## Exercise brief
In the entries that follow, which lines hold the string "there"? List them.

[Opening Extracted records section]

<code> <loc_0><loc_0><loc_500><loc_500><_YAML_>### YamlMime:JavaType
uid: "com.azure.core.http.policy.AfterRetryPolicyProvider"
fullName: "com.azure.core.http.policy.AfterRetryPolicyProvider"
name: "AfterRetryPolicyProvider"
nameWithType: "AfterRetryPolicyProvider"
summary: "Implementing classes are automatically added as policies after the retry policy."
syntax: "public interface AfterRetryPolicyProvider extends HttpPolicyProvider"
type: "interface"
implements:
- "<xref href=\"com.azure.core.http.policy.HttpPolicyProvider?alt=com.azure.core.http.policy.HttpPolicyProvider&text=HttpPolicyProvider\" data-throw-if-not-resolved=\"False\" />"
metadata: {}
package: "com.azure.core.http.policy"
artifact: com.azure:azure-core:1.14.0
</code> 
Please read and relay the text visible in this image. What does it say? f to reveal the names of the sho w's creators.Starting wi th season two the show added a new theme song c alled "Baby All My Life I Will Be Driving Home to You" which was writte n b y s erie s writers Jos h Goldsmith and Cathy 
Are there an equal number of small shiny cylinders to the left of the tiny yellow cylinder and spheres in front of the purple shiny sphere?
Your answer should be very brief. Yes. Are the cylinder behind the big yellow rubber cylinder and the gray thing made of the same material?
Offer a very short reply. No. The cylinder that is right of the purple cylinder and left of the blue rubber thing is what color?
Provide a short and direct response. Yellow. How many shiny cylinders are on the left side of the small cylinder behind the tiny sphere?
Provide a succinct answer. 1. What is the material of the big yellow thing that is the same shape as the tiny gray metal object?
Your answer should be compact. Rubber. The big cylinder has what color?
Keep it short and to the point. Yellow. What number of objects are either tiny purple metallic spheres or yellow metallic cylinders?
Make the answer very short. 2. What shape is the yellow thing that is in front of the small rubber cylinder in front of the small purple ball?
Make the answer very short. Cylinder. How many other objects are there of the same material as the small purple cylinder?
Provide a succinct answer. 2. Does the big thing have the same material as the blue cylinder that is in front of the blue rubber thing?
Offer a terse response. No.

[Closing Extracted records section]
[Opening Extracted records section]

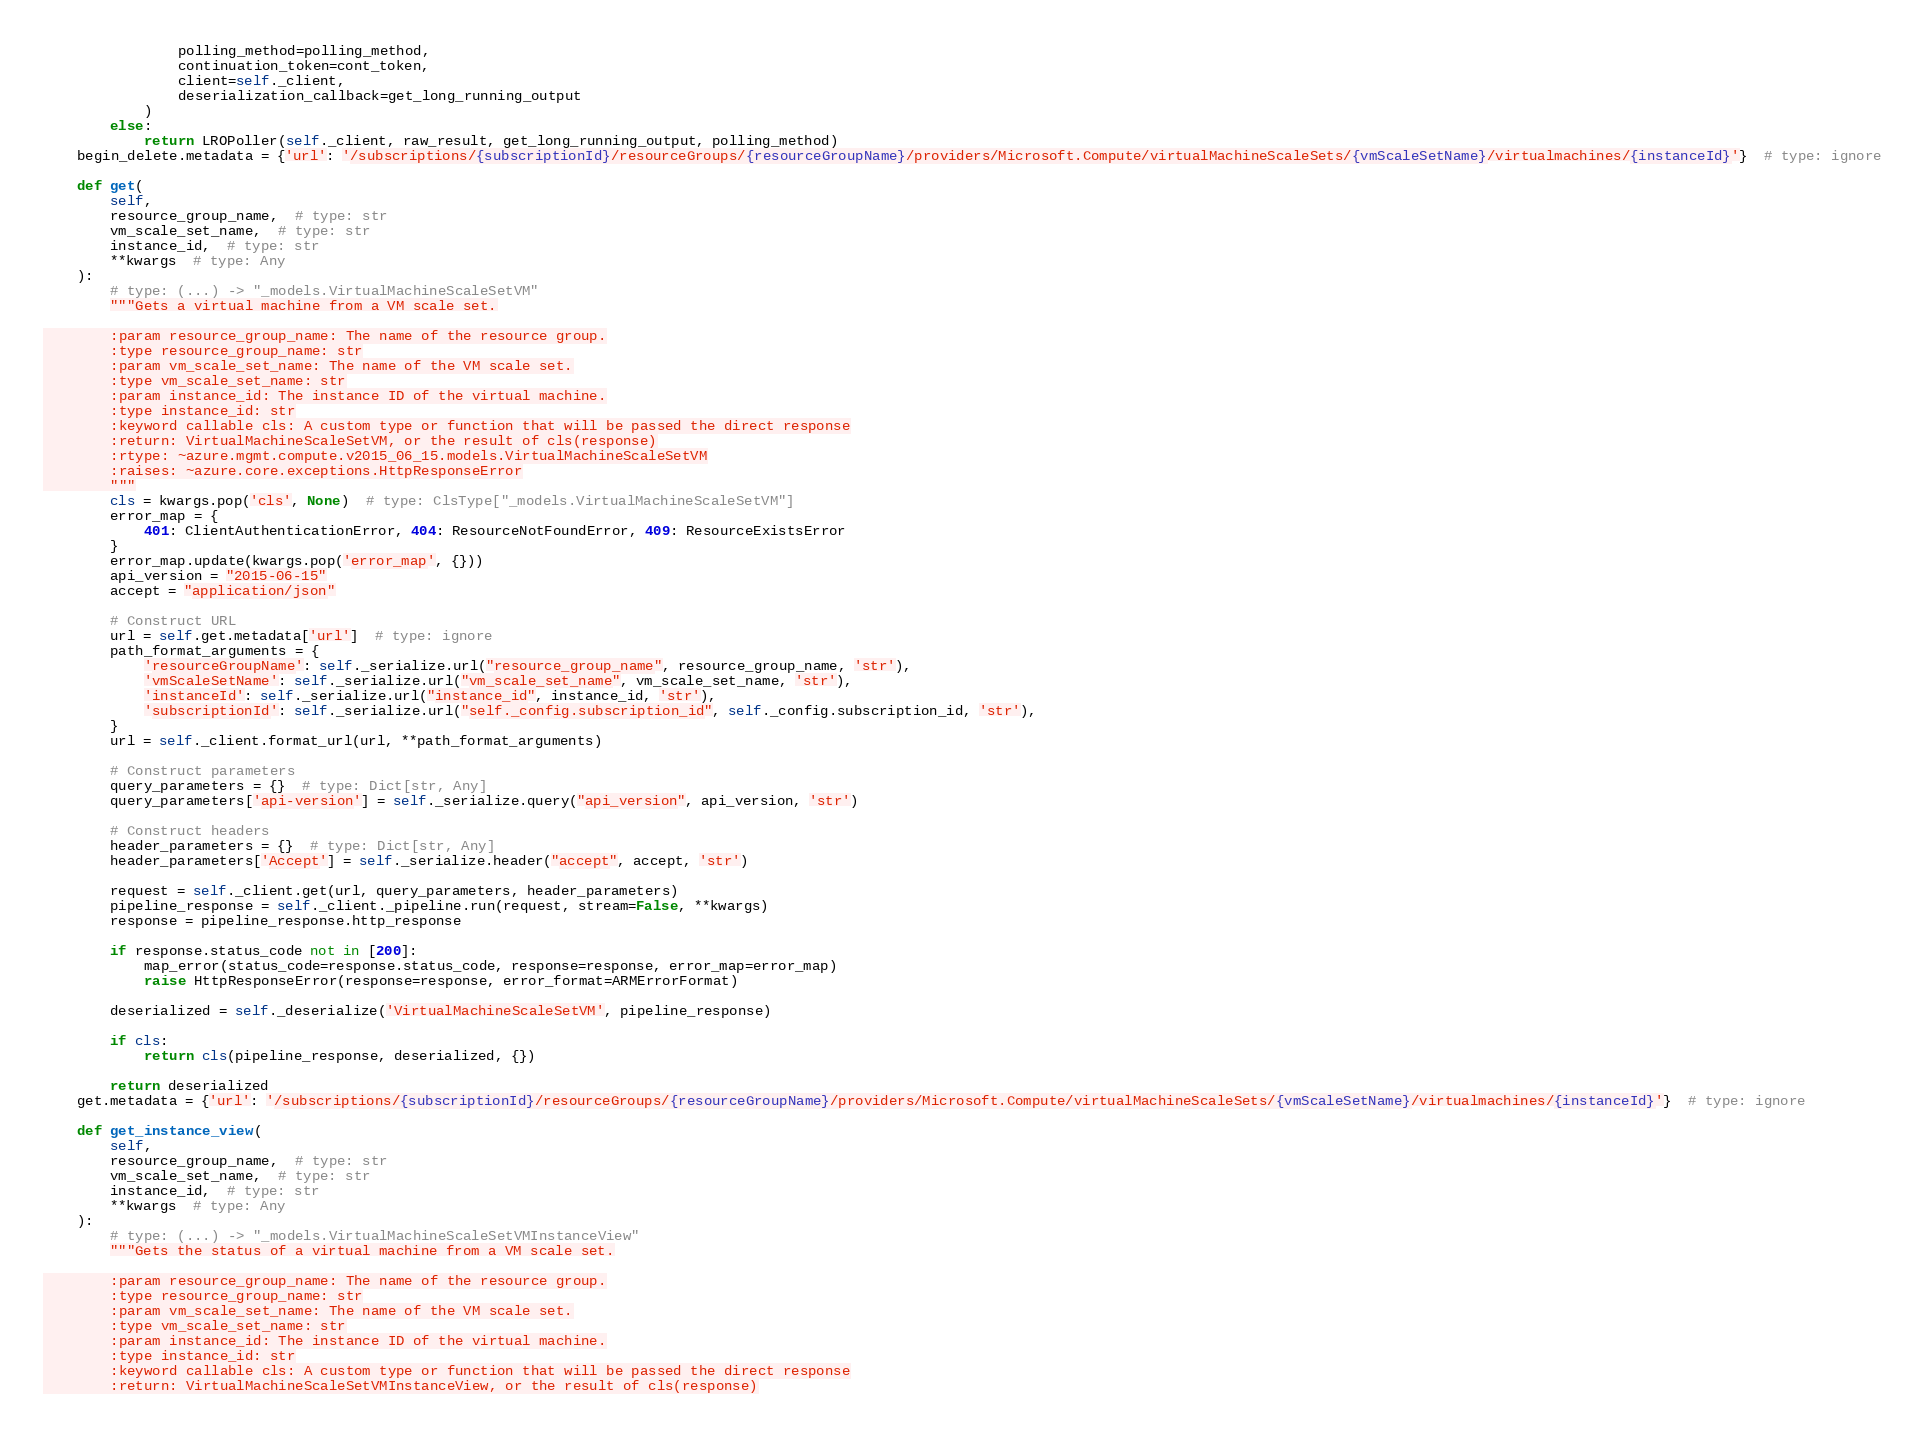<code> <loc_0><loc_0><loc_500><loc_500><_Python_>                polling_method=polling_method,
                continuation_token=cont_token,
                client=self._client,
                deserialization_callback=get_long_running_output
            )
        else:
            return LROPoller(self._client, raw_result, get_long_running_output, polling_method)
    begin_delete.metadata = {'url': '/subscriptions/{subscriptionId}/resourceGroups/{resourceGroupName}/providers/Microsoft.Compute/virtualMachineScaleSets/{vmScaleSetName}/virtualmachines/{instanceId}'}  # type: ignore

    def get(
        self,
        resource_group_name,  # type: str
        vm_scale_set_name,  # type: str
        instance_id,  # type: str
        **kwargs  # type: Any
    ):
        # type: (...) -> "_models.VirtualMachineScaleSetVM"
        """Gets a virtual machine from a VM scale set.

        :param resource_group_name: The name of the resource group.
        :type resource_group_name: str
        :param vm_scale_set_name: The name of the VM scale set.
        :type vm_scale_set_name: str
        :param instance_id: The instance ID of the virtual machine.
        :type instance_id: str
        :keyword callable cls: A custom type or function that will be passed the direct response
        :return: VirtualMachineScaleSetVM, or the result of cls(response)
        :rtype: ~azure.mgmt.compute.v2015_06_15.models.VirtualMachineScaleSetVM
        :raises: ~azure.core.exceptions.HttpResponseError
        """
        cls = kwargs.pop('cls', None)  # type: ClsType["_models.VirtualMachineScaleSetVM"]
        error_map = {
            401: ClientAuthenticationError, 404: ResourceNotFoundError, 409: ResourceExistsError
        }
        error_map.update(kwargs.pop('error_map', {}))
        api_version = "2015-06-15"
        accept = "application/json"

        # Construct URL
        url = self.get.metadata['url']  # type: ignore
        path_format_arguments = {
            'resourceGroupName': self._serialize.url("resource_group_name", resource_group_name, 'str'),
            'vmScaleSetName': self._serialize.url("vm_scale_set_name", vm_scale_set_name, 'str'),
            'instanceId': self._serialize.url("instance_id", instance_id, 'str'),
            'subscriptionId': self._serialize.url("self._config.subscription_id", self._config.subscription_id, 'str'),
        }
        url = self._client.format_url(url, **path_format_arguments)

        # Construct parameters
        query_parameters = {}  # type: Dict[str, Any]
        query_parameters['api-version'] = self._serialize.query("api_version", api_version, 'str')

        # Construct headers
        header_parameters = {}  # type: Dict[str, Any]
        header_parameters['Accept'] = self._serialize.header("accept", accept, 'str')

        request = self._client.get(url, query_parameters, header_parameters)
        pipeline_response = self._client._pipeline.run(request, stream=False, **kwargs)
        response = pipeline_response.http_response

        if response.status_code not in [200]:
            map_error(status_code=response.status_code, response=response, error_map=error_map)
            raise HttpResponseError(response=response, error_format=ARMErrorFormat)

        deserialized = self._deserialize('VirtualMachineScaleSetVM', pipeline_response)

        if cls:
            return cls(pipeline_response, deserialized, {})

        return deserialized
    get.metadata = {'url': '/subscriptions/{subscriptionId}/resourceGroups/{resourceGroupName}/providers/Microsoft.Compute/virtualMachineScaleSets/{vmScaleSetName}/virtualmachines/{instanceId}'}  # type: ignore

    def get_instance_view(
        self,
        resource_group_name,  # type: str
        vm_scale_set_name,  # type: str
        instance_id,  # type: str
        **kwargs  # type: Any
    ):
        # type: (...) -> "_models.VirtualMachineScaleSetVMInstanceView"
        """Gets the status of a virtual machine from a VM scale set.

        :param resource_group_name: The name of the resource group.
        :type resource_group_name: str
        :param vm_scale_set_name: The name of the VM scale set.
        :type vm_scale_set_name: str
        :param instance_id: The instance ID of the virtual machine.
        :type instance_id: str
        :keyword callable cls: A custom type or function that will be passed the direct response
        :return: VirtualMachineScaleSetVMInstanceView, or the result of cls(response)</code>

[Closing Extracted records section]

## Problem solution
Are there an equal number of small shiny cylinders to the left of the tiny yellow cylinder and spheres in front of the purple shiny sphere?
Make the answer very short. Cylinder. How many other objects are there of the same material as the small purple cylinder?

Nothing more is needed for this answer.